● Task directions:
Wherever a line of the listing holds the string "contains", copy that line.

● Data for review:
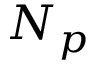Convert formula to latex. <formula><loc_0><loc_0><loc_500><loc_500>N _ { p }</formula> 
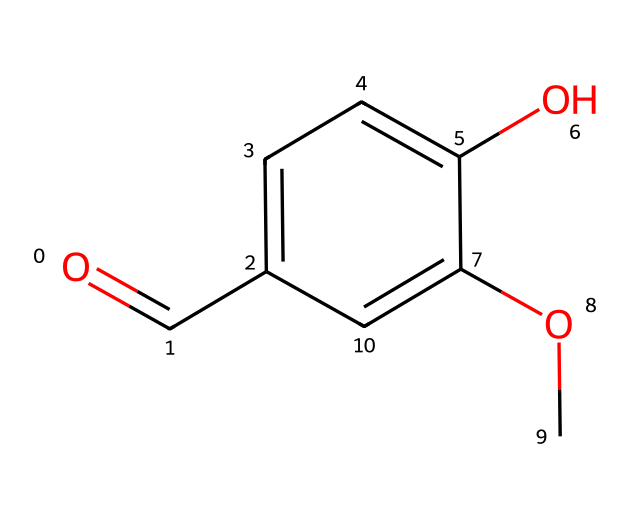How many carbon atoms are in vanillin? The SMILES representation shows multiple 'C' characters, indicating carbon atoms. In the given structure, we can count 8 carbon atoms, which correspond to the backbone and functional groups of the molecule.
Answer: 8 What functional groups are present in vanillin? By analyzing the SMILES, we notice the presence of an aldehyde group (O=C) and an ether group (OC). Thus, vanillin contains these two functional groups.
Answer: aldehyde and ether What is the molecular formula of vanillin? To determine the molecular formula, we can summarize the number of each atom observed in the SMILES: 8 carbons, 8 hydrogens, and 3 oxygens, which leads us to the formula C8H8O3.
Answer: C8H8O3 What type of compound is vanillin classified as? The structure indicates it contains a benzene ring with additional functional groups, classifying it as an aromatic compound. Given that it also has an ether functional group, it falls within the category of aromatic ethers.
Answer: aromatic ether How many oxygen atoms are present in vanillin? The SMILES representation shows the presence of 'O' characters, and counting these indicates that there are three oxygen atoms in the structure of vanillin.
Answer: 3 Does vanillin contain any rings in its structure? The presence of the 'c' notation in the SMILES indicates aromatic carbon atoms that form a cycle, confirming that there is a benzene ring in the structure of vanillin.
Answer: yes In what type of reactions could vanillin participate due to its ether function? Ethers are typically unreactive but can undergo cleavage reactions in the presence of strong acids, suggesting vanillin can participate in reactions involving its ether functional group under specific conditions.
Answer: cleavage reactions 
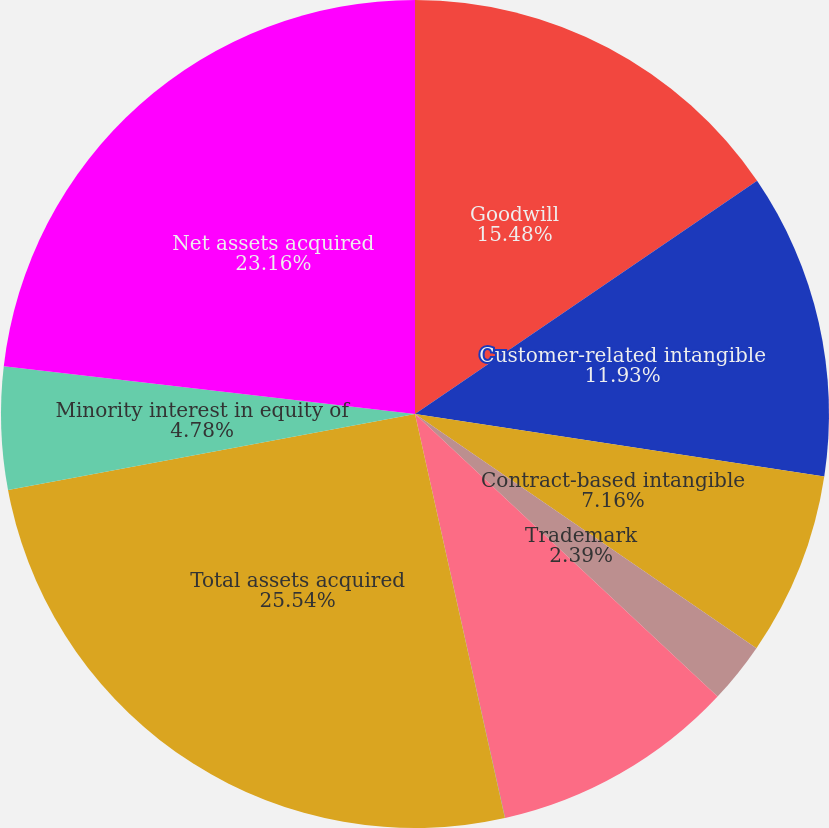<chart> <loc_0><loc_0><loc_500><loc_500><pie_chart><fcel>Goodwill<fcel>Customer-related intangible<fcel>Contract-based intangible<fcel>Trademark<fcel>Property and equipment<fcel>Other current assets<fcel>Total assets acquired<fcel>Minority interest in equity of<fcel>Net assets acquired<nl><fcel>15.48%<fcel>11.93%<fcel>7.16%<fcel>2.39%<fcel>9.55%<fcel>0.01%<fcel>25.55%<fcel>4.78%<fcel>23.16%<nl></chart> 
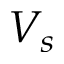Convert formula to latex. <formula><loc_0><loc_0><loc_500><loc_500>V _ { s }</formula> 
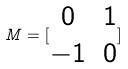Convert formula to latex. <formula><loc_0><loc_0><loc_500><loc_500>M = [ \begin{matrix} 0 & 1 \\ - 1 & 0 \end{matrix} ]</formula> 
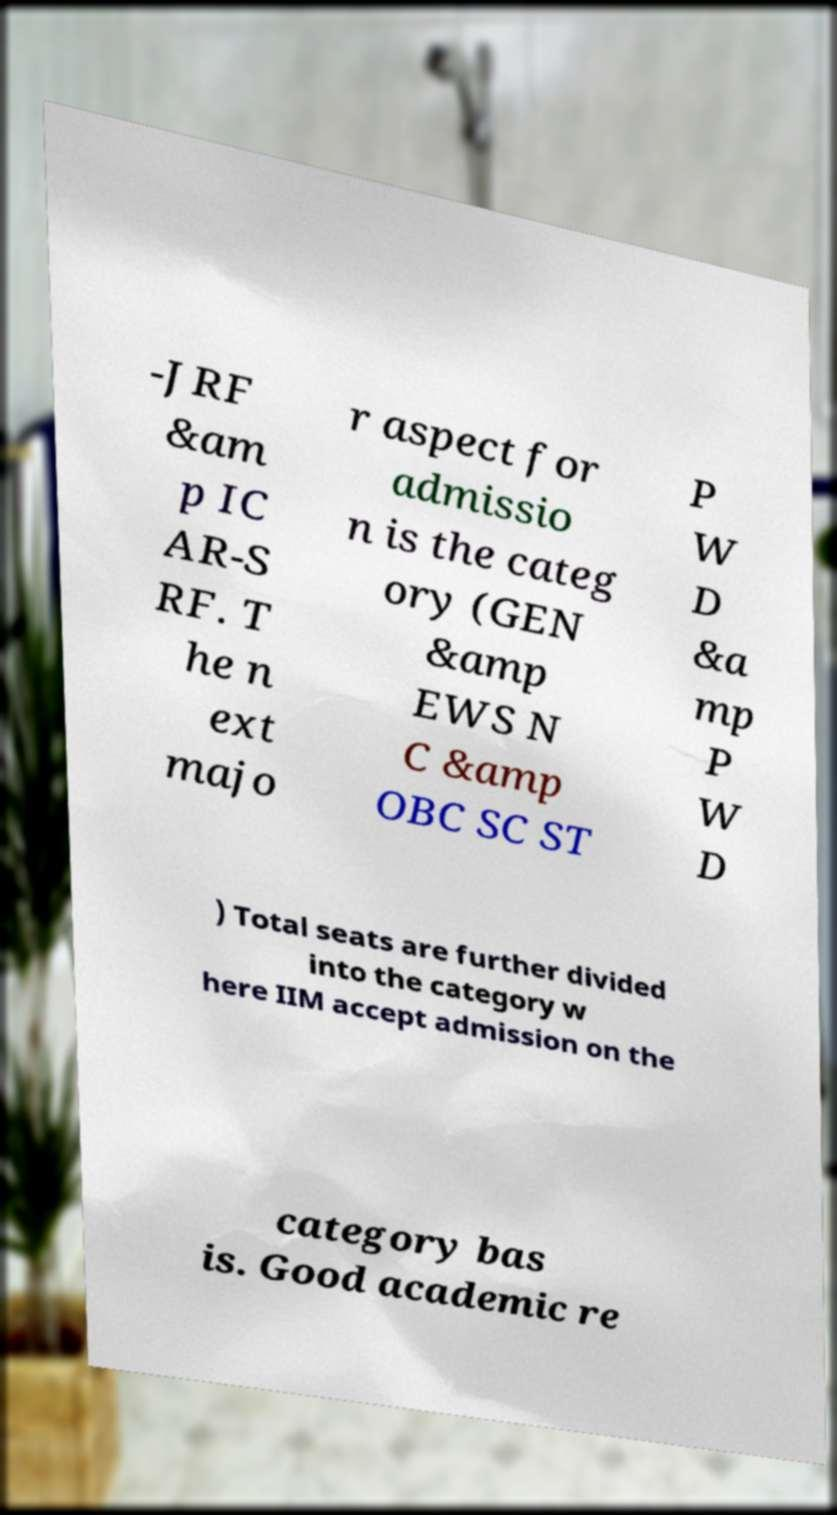I need the written content from this picture converted into text. Can you do that? -JRF &am p IC AR-S RF. T he n ext majo r aspect for admissio n is the categ ory (GEN &amp EWS N C &amp OBC SC ST P W D &a mp P W D ) Total seats are further divided into the category w here IIM accept admission on the category bas is. Good academic re 
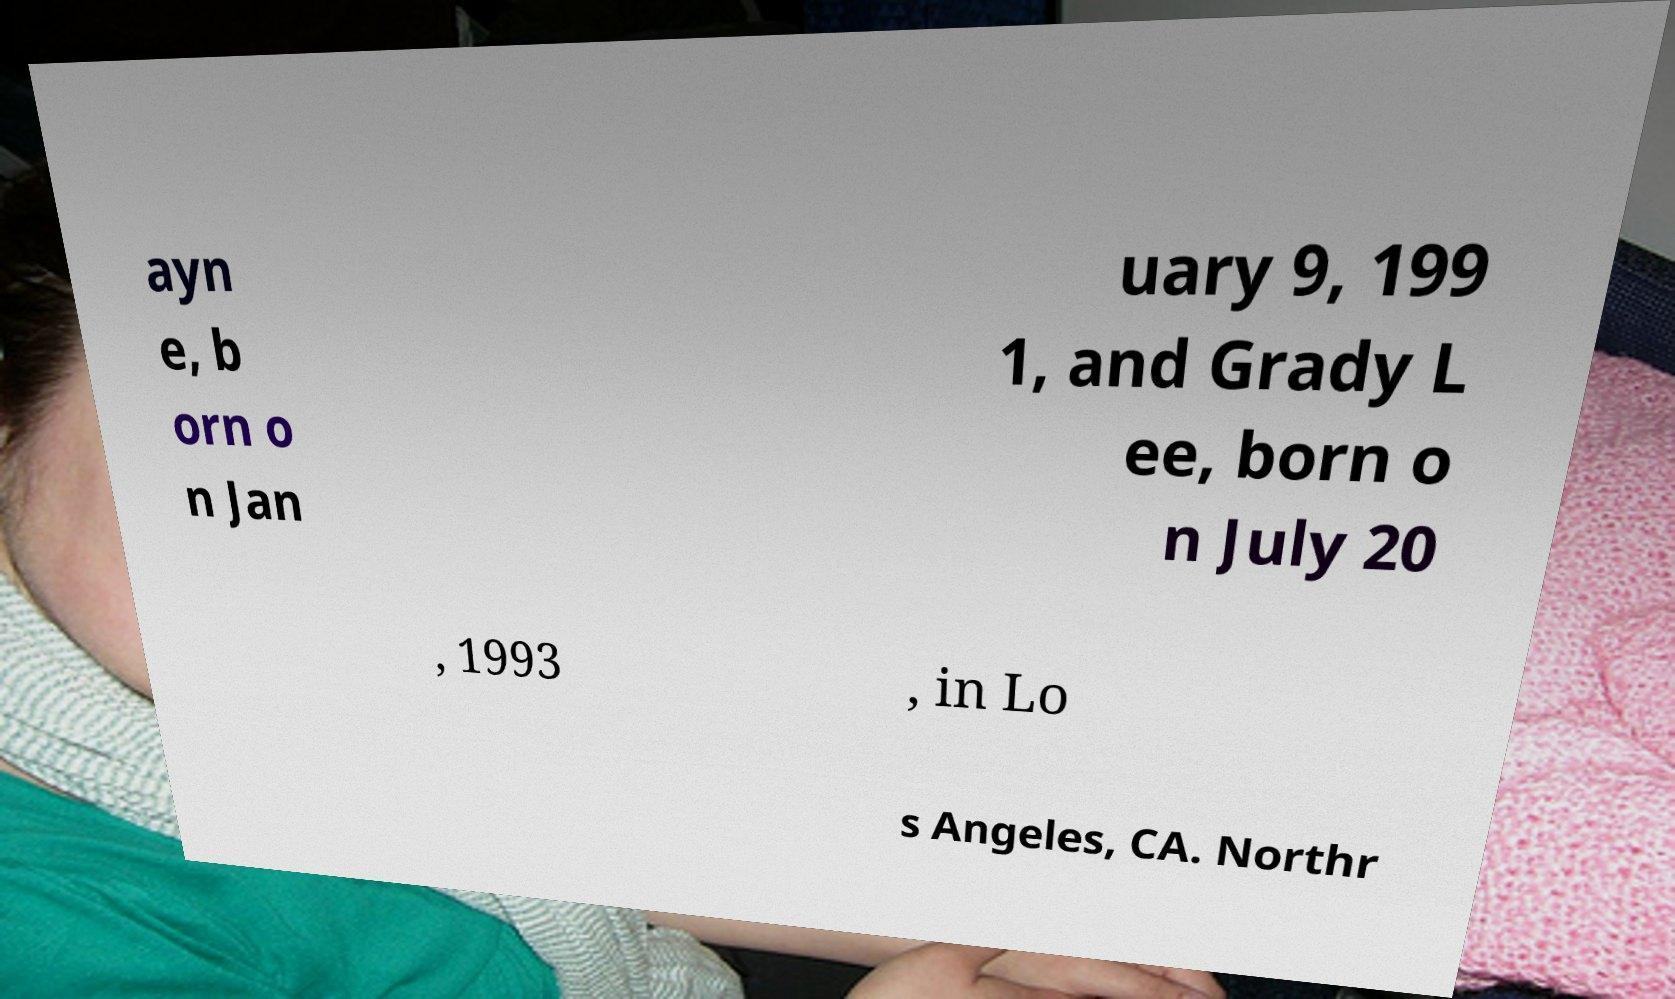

● Written response:
Answer: 8 What functional groups are present in vanillin? By analyzing the SMILES, we notice the presence of an aldehyde group (O=C) and an ether group (OC). Thus, vanillin contains these two functional groups.
Answer: C8H8O3 What type of compound is vanillin classified as? The structure indicates it contains a benzene ring with additional functional groups, classifying it as an aromatic compound. Given that it also has an ether functional group, it falls within the category of aromatic ethers.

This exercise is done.